According to SBP officials, the dollar purchases came after covering foreign loan repayments and profit repatriations, allowing the bank to build a healthier reserve buffer. The reserves are seen as essential for ensuring market confidence, meeting import needs, and managing future economic shocks.

Analysts say that such active management has helped Pakistan avoid volatility in the currency market and restore investor confidence amid global economic uncertainty.

Economic Outlook Improving

The SBP noted that the impact of recent floods on agriculture and infrastructure is now less severe than expected, leading to a more positive economic outlook. The central bank projects GDP growth for FY26 in the upper half of the 3.25% – 4.25% range, an upgrade from earlier estimates.

Officials said that improving agricultural output, higher remittance inflows, and strong export performance are helping stabilize Pakistan’s growth momentum.

IMF Program on Track

The SBP Governor confirmed that Pakistan has met all criteria for the next IMF review, which is scheduled for December 2025. The approval of a $1.2 billion tranche will further strengthen foreign reserves and create additional space for fiscal reforms.

So far, Pakistan has repaid $3.1 billion out of a total $10 billion due for FY26, reflecting better debt management. The government also expects remittances to exceed $41 billion in FY26, providing strong support for the external sector.

Economists say that consistent inflows from overseas Pakistanis, combined with SBP’s cautious approach, have created a more sustainable external financing position.

Inflation to Ease in FY27

While the SBP acknowledged that inflation may temporarily exceed the target range during the second half of FY26, it expects prices to ease by FY27. The decline will depend on improved agricultural supply, energy price stability, and a steady exchange rate.

The central bank also warned that global oil price hikes or supply disruptions could create short-term inflationary pressure. However, it assured that import levels remain manageable and that the government is coordinating with relevant agencies to protect consumers from price shocks.

Building Confidence Through Prudent Policy

Financial analysts believe that SBP’s approach combining steady interest rates, foreign exchange interventions, and tight liquidity control is helping restore confidence in Pakistan’s economy.
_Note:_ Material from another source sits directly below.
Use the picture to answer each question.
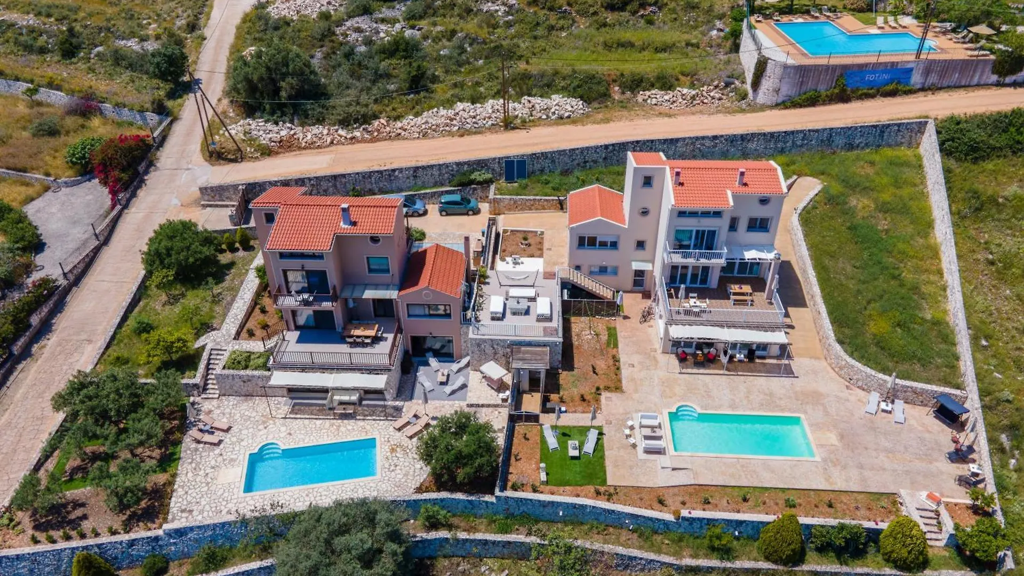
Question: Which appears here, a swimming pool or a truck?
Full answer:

The bank’s proactive stance on dollar purchases ensures exchange-rate stability, while maintaining a balance between growth and inflation control.
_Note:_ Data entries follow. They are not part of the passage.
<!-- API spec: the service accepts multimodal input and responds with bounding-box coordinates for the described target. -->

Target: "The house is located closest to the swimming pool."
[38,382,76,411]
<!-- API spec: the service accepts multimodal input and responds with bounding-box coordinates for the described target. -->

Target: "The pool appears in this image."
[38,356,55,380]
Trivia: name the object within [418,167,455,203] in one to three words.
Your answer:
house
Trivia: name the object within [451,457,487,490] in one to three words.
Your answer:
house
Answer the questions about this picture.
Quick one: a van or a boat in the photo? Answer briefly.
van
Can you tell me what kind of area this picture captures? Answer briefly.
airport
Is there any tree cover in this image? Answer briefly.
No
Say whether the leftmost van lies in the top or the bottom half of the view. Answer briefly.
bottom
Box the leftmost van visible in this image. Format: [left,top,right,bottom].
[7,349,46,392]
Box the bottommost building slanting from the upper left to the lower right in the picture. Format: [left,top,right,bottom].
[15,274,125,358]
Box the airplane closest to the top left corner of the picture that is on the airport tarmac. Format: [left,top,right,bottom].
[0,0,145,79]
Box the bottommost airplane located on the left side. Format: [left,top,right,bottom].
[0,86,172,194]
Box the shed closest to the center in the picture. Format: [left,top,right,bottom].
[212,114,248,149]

Experts note that stability in the rupee and reserves also improves Pakistan’s credit outlook, attracts foreign investment, and reassures the business community.

Focus on Sustainable Growth

The SBP’s strategy now focuses on maintaining macroeconomic discipline, promoting exports, and reducing import dependence. Officials believe that steady policy measures will create a foundation for sustainable economic growth over the coming years.

By supporting a stable rupee and adequate reserves, the SBP aims to shield Pakistan from external shocks and enhance resilience against global financial volatility.

Conclusion

The State Bank of Pakistan’s dollar-buying program exceeding $20 billion in three years marks one of the most significant interventions in the country’s recent financial history.

By maintaining a stable policy rate, meeting IMF requirements, and ensuring a balanced external position, the SBP continues to demonstrate its commitment to economic recovery and investor confidence.